# Called in something......



## Nambaster (Nov 15, 2007)

I went out last week and did a couple of stands and from about a mile away I spotted movement. I cooled the calling down a little and started to call every ten minutes. Soon in the distance I could see something coming in hard so I readied my gun. After a few more calls I was surprised to discover that what I had called in was a white dog. It appeared to be a lab. It came within a hundred yards and when it discovered that there was no meal to be had it just walked back to where it had come from. Besides magpies and crows. I have yet to call anything else in. Apperantly my calls are gettin some attention just not anything that I can shoot.


----------



## HighNDry (Dec 26, 2007)

I was in the waterfowl management area just calling fox for fun. A duck hunters dog came runnign in and a hundred yards behind it was the duck hunter. He was out of breath as was the dog. I hid my call and pretended to be a birdwatcher.
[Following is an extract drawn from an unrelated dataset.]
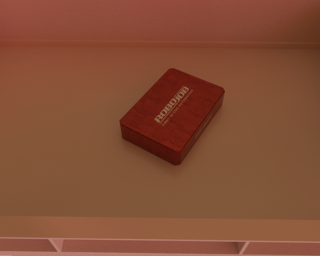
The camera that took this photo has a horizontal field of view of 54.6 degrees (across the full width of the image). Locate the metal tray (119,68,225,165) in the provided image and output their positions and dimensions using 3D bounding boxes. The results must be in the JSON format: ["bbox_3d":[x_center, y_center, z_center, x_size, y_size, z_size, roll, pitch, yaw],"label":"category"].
[{"bbox_3d":[0.019,-0.021,0.420,0.090,0.030,0.130,26,55,20],"label":"metal tray"}]
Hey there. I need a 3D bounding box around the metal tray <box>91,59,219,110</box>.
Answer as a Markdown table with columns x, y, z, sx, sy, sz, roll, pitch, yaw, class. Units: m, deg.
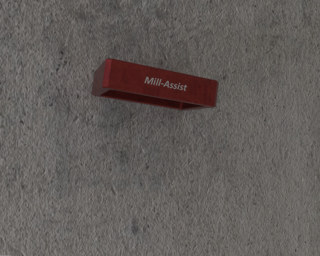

He said he and his dog heard a sound like something was being killed and his dog took off and wouldn't mind him so he had to run it down. I laughed all the way home!


----------



## Artoxx (Nov 12, 2008)

:rotfl: :rotfl: :rotfl: :rotfl: :rotfl: :rotfl: :rotfl: :rotfl: :rotfl: :rotfl: :rotfl: :rotfl: 
__________________________ -8/- __________ //dog// ________________

A friend of mine was hired by a ranchers coop in Wyoming about 20 years ago now, to thin out the coyotes and "feral" dogs, that were wiping out the sheep and calves.

He called me in for back up and I went up there for two weeks to see what we could do.

We ended up killing something like 50 coyotes and 35 DOGS. :shock: 

They were paying us $20 per coyote and $25 per dog plus room, board, ammo, atv's, etc. 

The dogs would wipe out as much of a herd as they could catch and not even eat much if anything. Most of them had collars and were just running in "town" packs for entertainment.

Any dog that could be positively identified as to owner was worth $200 to us.

That was one of my most profitable summers ever. :wink:


----------



## Treehugnhuntr (Sep 7, 2007)

Nambaster said:


> I went out last week and did a couple of stands and from about a mile away I spotted movement. I cooled the calling down a little and started to call every ten minutes. Soon in the distance I could see something coming in hard so I readied my gun. After a few more calls I was surprised to discover that what I had called in was a white dog. It appeared to be a lab. It came within a hundred yards and when it discovered that there was no meal to be had it just walked back to where it had come from. Besides magpies and crows. I have yet to call anything else in. Apperantly my calls are gettin some attention just not anything that I can shoot.


Are you tanning it?


----------



## Nueces (Jul 22, 2008)

HighNDry said:


> I was in the waterfowl management area just calling fox for fun. A duck hunters dog came runnign in and a hundred yards behind it was the duck hunter. He was out of breath as was the dog. I hid my call and pretended to be a birdwatcher. He said he and his dog heard a sound like something was being killed and his dog took off and wouldn't mind him so he had to run it down. I laughed all the way home!


Now that's funny! :lol:


----------



## ACHY (Oct 18, 2007)

Most large, white dogs that come in when you are calling are sheep dogs. The sheep rangers usually have four or five of them with their herd of sheep to protect from coyotes. And no, it is not unusual for one to travel a mile or more in search of whatever they may perceive as a threat to the herd they are protecting. 

You may want to find a new place to go calling. If you've got a sheep herd with dogs nearby, you probably won't see anything you can shoot.


----------